Joss Whedon’s Disney’s “Marvel’s The Avengers”

Sax von Stroheim writes:

I finally caught up with the year’s biggest hit. I’m a longtime reader of super-hero comics, and while the Avengers comics by Jack Kirby, Stan Lee, et al. aren’t my favorites from Marvel’s Silver Age, I do like them quite a bit.

Here’s what I liked:

1)   There’s a very Marvel comics-style moment where Hawkeye – the world’s greatest archer – shoots some kind of super, high tech arrow at a computer so that it plugs directly into its USB port to give him access to it. It’s goofy, but I smiled because it’s exactly the type of thing that would happen in an Avengers comic.

hawkeye1

Hawkeye, as drawn by the great Don Heck

2)   There’s a very Joss Whedon-style moment near the end, where the bad guy, Thor’s evil step-brother Loki, is starting to deliver a pompous, gloating, villainous monologue to the Hulk, and the Hulk cuts him off by grabbing his leg and swinging him repeatedly into the floor. It reminded me of the great moment in “The Train Job” episode of Firefly, where a bad guy is threatening to take revenge, and Mal (the Han Solo-like leader of our heroes) kicks him into a spaceship’s engine intake, killing him instantly. In both cases, Whedon gets a laugh by tweaking our genre expectations of what a hero usually does when confronted by a raving villain (i.e., listens to him rather than doing something sensible).

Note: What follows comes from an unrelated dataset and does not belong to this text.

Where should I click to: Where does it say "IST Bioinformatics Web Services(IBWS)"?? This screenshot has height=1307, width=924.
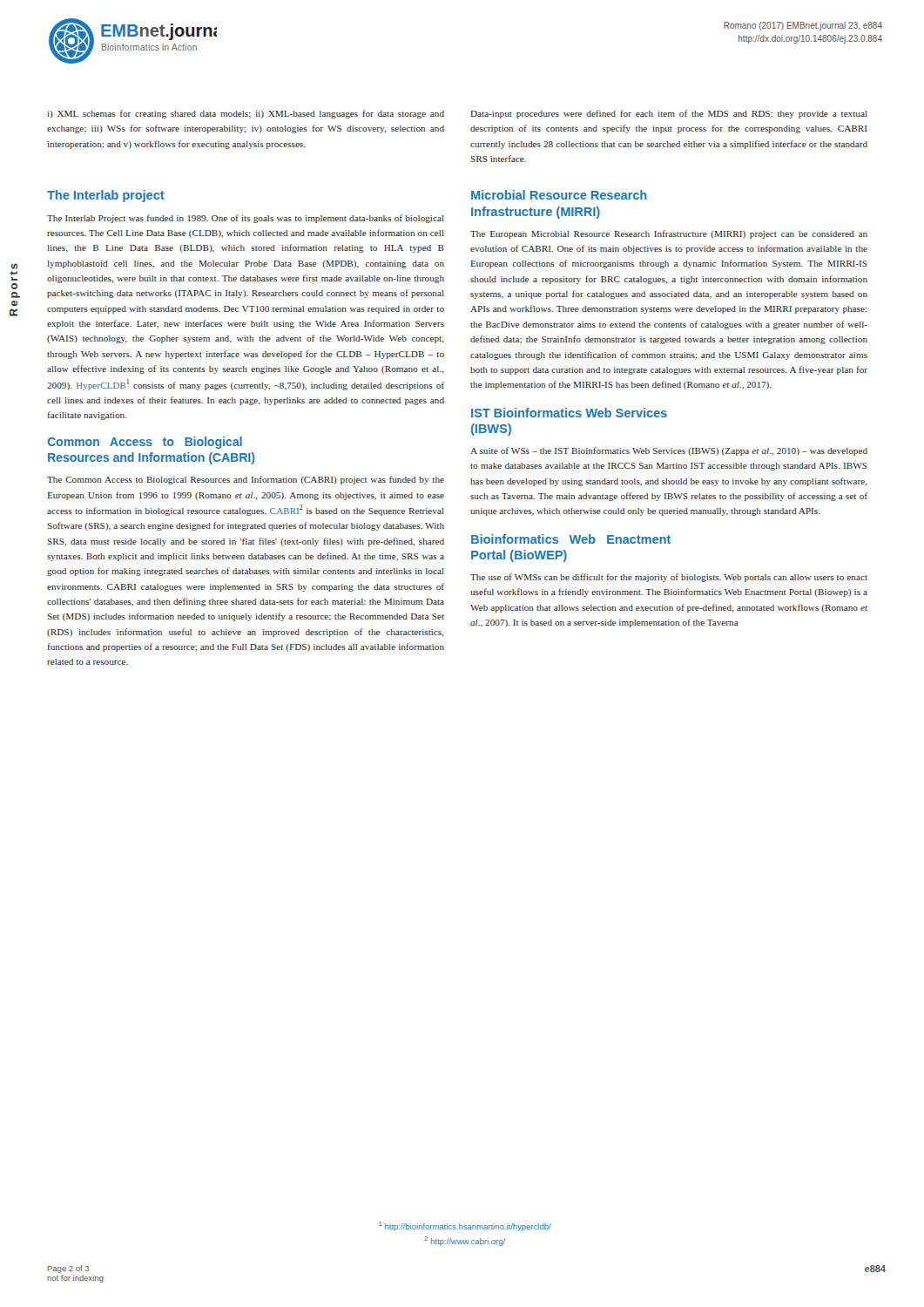click(669, 421)
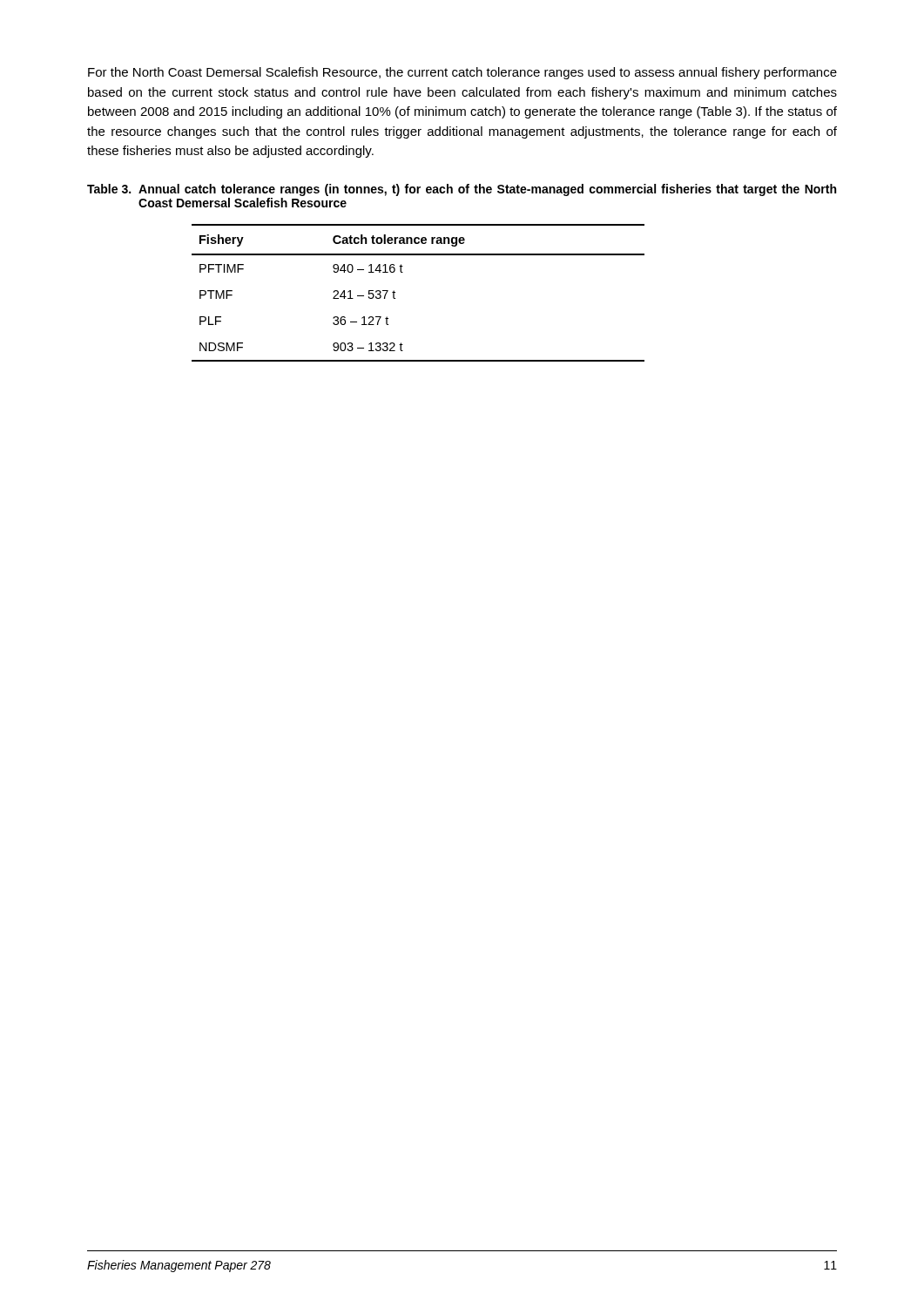
Task: Point to the block beginning "For the North Coast Demersal Scalefish Resource,"
Action: (x=462, y=111)

3)   After he’s told that he can’t compete with Thor and Loki because “they’re gods”, Chris Evans as Captain America delivers the movie’s best line: “There’s only one God, and I’m pretty sure He doesn’t dress like that.” Evans plays it completely straight, here and throughout the movie, never condescending to Cap’s old-fashioned idealism.

I don't know, Cap: who BUT a god would dare to dress this way?

I don’t know: who BUT a god would dare to dress this way?

4)   Tom Hiddleston as Loki was good. He nails the Stan Lee-style faux Shakespeare dialogue.

5)   ScarJo:

...look at her...

…look at her…

Here’s what I didn’t like:

1)   The visual effects are poorly integrated, both with the “live action” and with other visual effects. Michael Barrier joked that the movie could be called The Battle of the Visual Effects Houses, and I agree. I never had the sense of a coherent aesthetic vision behind any of the CGI. This leads to several problems:

a)    The seams are showing all over the action sequences. It’s very noticeable every time we go from effect to effect, so the spaces all feel needlessly chopped up.

b)   There’s a very apparent change from actor to videogame avatar every time one of the heroes does something heroic. CGI-Captain America doesn’t move anything at all like Chris Evans as Captain America. That was a problem I had with the Sam Raimi Spider-Man movies, too, but I was kind of surprised that after ten years they haven’t gotten the technology to the point where it looks any better.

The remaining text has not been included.